● Exercise aim:
Write the listing below out again exactly, dropping the images.
[Start of Attachment]
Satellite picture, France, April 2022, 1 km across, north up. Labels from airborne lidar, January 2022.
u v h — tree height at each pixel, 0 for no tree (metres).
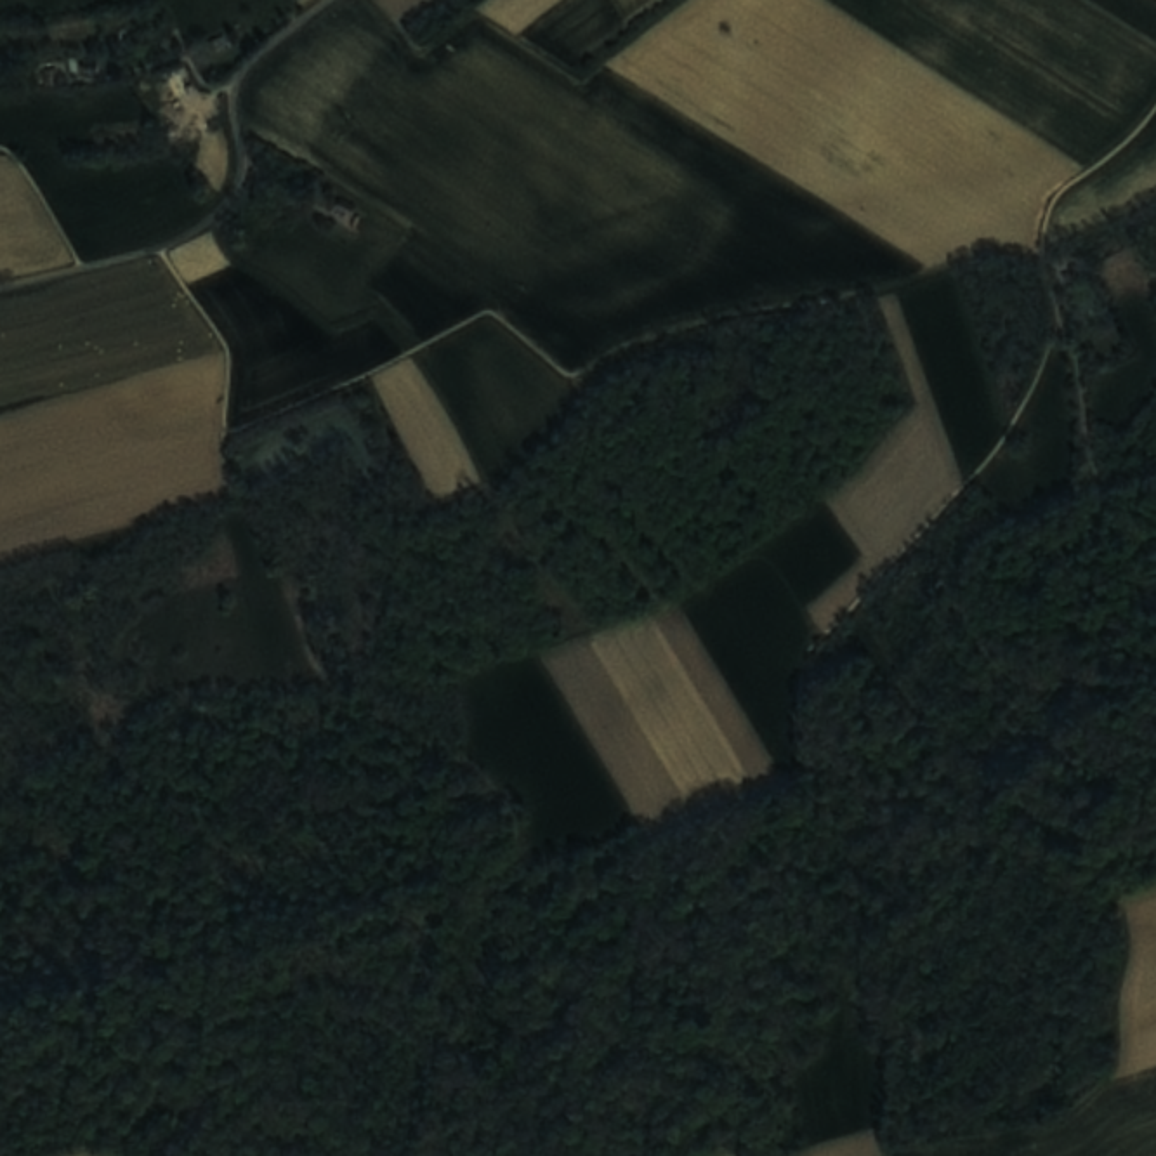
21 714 24
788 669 0
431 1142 33
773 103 0
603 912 31
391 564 22
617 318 0
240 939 32
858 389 26
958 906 33
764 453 25
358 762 27
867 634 0
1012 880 36
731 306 0
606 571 25
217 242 0
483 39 0
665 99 0
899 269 0
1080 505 27
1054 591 28
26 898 19
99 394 0
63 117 0
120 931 35
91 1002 36
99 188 0
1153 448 12
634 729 0
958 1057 29
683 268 0
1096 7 0
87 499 0
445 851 26
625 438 27
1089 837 35
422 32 9
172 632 0
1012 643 31
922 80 0
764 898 40
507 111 0
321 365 0
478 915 18
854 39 0
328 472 25
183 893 35
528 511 26
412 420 0
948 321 0
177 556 18
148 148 20
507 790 0
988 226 0
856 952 33
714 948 36
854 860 13
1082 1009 26
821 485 19
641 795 0
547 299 0
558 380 0
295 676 0
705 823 29
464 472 0
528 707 0
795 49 0
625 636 0
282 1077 29
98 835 26
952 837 30
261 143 10
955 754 25
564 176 0
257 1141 36
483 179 0
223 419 0
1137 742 36
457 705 20
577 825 0
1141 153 0
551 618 24
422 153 0
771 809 27
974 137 0
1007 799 29
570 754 0
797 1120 10
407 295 0
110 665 21
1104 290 16
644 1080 37
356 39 0
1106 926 30
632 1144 36
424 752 26
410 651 25
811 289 0
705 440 23
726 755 0
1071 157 0
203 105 0
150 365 0
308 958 31
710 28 0
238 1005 33
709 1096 37
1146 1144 0
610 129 0
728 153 0
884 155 0
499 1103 36
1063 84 0
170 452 0
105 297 0
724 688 0
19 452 0
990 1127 27
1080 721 34
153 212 0
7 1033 37
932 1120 29
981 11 0
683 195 0
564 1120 36
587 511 27
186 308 0
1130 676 33
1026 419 0
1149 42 0
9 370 0
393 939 34
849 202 0
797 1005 33
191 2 0
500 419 0
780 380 25
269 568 15
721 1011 35
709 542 26
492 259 0
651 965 26
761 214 0
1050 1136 0
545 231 0
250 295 0
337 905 25
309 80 0
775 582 0
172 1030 35
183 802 26
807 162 0
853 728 37
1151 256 6
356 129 0
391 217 0
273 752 19
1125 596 28
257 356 0
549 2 0
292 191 22
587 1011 38
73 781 25
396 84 0
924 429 0
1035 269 19
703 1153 26
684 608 0
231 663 0
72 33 0
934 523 13
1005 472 0
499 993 32
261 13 0
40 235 0
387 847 32
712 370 28
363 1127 27
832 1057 0
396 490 24
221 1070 33
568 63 0
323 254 0
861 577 0
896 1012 32
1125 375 0
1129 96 0
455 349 0
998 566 27
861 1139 0
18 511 0
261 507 21
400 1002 28
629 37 6
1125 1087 0
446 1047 35
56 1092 35
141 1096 29
[End of Attachment]
● Answer:
Satellite picture, France, April 2022, 1 km across, north up. Labels from airborne lidar, January 2022.
u v h — tree height at each pixel, 0 for no tree (metres).
21 714 24
788 669 0
431 1142 33
773 103 0
603 912 31
391 564 22
617 318 0
240 939 32
858 389 26
958 906 33
764 453 25
358 762 27
867 634 0
1012 880 36
731 306 0
606 571 25
217 242 0
483 39 0
665 99 0
899 269 0
1080 505 27
1054 591 28
26 898 19
99 394 0
63 117 0
120 931 35
91 1002 36
99 188 0
1153 448 12
634 729 0
958 1057 29
683 268 0
1096 7 0
87 499 0
445 851 26
625 438 27
1089 837 35
422 32 9
172 632 0
1012 643 31
922 80 0
764 898 40
507 111 0
321 365 0
478 915 18
854 39 0
328 472 25
183 893 35
528 511 26
412 420 0
948 321 0
177 556 18
148 148 20
507 790 0
988 226 0
856 952 33
714 948 36
854 860 13
1082 1009 26
821 485 19
641 795 0
547 299 0
558 380 0
295 676 0
705 823 29
464 472 0
528 707 0
795 49 0
625 636 0
282 1077 29
98 835 26
952 837 30
261 143 10
955 754 25
564 176 0
257 1141 36
483 179 0
223 419 0
1137 742 36
457 705 20
577 825 0
1141 153 0
551 618 24
422 153 0
771 809 27
974 137 0
1007 799 29
570 754 0
797 1120 10
407 295 0
110 665 21
1104 290 16
644 1080 37
356 39 0
1106 926 30
632 1144 36
424 752 26
410 651 25
811 289 0
705 440 23
726 755 0
1071 157 0
203 105 0
150 365 0
308 958 31
710 28 0
238 1005 33
709 1096 37
1146 1144 0
610 129 0
728 153 0
884 155 0
499 1103 36
1063 84 0
170 452 0
105 297 0
724 688 0
19 452 0
990 1127 27
1080 721 34
153 212 0
7 1033 37
932 1120 29
981 11 0
683 195 0
564 1120 36
587 511 27
186 308 0
1130 676 33
1026 419 0
1149 42 0
9 370 0
393 939 34
849 202 0
797 1005 33
191 2 0
500 419 0
780 380 25
269 568 15
721 1011 35
709 542 26
492 259 0
651 965 26
761 214 0
1050 1136 0
545 231 0
250 295 0
337 905 25
309 80 0
775 582 0
172 1030 35
183 802 26
807 162 0
853 728 37
1151 256 6
356 129 0
391 217 0
273 752 19
1125 596 28
257 356 0
549 2 0
292 191 22
587 1011 38
73 781 25
396 84 0
924 429 0
1035 269 19
703 1153 26
684 608 0
231 663 0
72 33 0
934 523 13
1005 472 0
499 993 32
261 13 0
40 235 0
387 847 32
712 370 28
363 1127 27
832 1057 0
396 490 24
221 1070 33
568 63 0
323 254 0
861 577 0
896 1012 32
1125 375 0
1129 96 0
455 349 0
998 566 27
861 1139 0
18 511 0
261 507 21
400 1002 28
629 37 6
1125 1087 0
446 1047 35
56 1092 35
141 1096 29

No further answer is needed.